Digital Tools To Teach Problem Solving
Tips for Using Exemplars Problem Solving Procedure With Students
At the heart of Exemplars, our goal is to help develop strong problem solvers for the 21st century. Research has provided evidence that effective problem-solving skills can be developed through regular practice with the fundamentals of the problem-solving process. Application of these skills instill the mindset that any problem can be solved.
Exemplars created a problem-solving process built on the timeless work of George Polya, who researched the processes of great thinkers and distilled their methods into 4 specific steps.
Exemplars took this work and created its Problem-Solving Procedure, which includes specific ideas that add detail to each stage. Our Problem-Solving Procedure asks students to:
- Understand the problem they need to solve and distill it down into their own words.

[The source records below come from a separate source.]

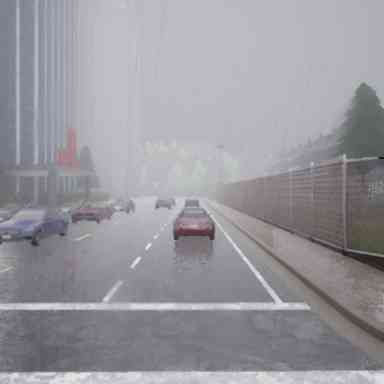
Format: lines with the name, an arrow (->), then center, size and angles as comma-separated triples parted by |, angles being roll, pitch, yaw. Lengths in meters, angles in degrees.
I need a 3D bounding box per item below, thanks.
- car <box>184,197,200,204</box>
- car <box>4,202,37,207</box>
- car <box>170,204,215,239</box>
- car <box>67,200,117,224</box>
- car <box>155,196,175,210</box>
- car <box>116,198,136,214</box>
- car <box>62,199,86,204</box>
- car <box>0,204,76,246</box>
car -> 0.017, 1.356, 43.463 | 1.882, 1.535, 5.008 | 0, 0, 0
car -> -10.593, 1.413, 20.480 | 2.128, 1.511, 4.902 | 0, 0, 0
car -> 0.097, 1.499, 16.899 | 1.994, 1.385, 4.181 | 0, 0, 0
car -> -7.086, 1.516, 24.111 | 1.895, 1.301, 4.718 | 0, 0, 0
car -> -3.506, 1.386, 41.207 | 1.837, 1.490, 4.892 | 0, 0, 0
car -> -7.027, 1.386, 34.129 | 2.128, 1.511, 4.902 | 0, 0, 0
car -> -10.555, 1.392, 30.292 | 2.128, 1.511, 4.902 | 0, 0, 0
car -> -7.082, 1.461, 15.031 | 1.812, 1.442, 4.674 | 0, 0, 0

- Think of a plan they can use to solve the problem. This plan includes a strategy or representation they think will help them reach a solution.
- Solve the problem using their strategy.
- Provide a solution that shows their mathematical thinking, including:
- a representation of their conceptual thinking,
- an explanation of their mathematical reasoning, and
- written communication of their strategy as well as appropriate math vocabulary.
- Define connections between the task and other mathematics, including finding patterns, solving the problem another way, defining a rule, etc.
A “written” solution is considered fundamental at Exemplars. As part of this process, we ask students to think deeply about the NCTM Mathematical Process Standards and Common Core Mathematical Practices. Exemplars has spelled out these expectations in its rubric, which uses the same criteria and 4 levels of performance from Kindergarten to 12th Grade.
When using the full suite of Exemplars materials (problem-solving performance tasks, Preliminary Planning Sheets, Problem-Solving Procedure, and scored student anchor papers), teachers and students can grow into strong problem solvers who understand the value of evidence-based arguments.
What aspect of mathematics are we going to concentrate on in the 21st century? With time for intentional application, our students can become the great problem solvers we need them to be.